▸ **Your objective**
Each line from the one containing "Every object in" through the last line of the records below is to be set down exactly; the rest stays out.

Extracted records
####################
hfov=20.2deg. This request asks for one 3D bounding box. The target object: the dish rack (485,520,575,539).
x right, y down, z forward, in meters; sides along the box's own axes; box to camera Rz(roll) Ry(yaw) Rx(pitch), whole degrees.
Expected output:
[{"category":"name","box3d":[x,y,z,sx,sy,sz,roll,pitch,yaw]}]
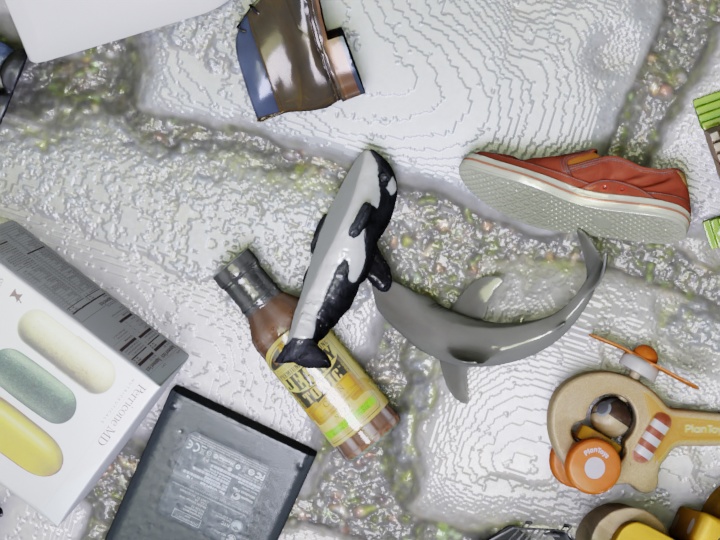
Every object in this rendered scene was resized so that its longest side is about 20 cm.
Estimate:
####################
▸ **Result of this task**
Every object in this rendered scene was resized so that its longest side is about 20 cm.
Estimate:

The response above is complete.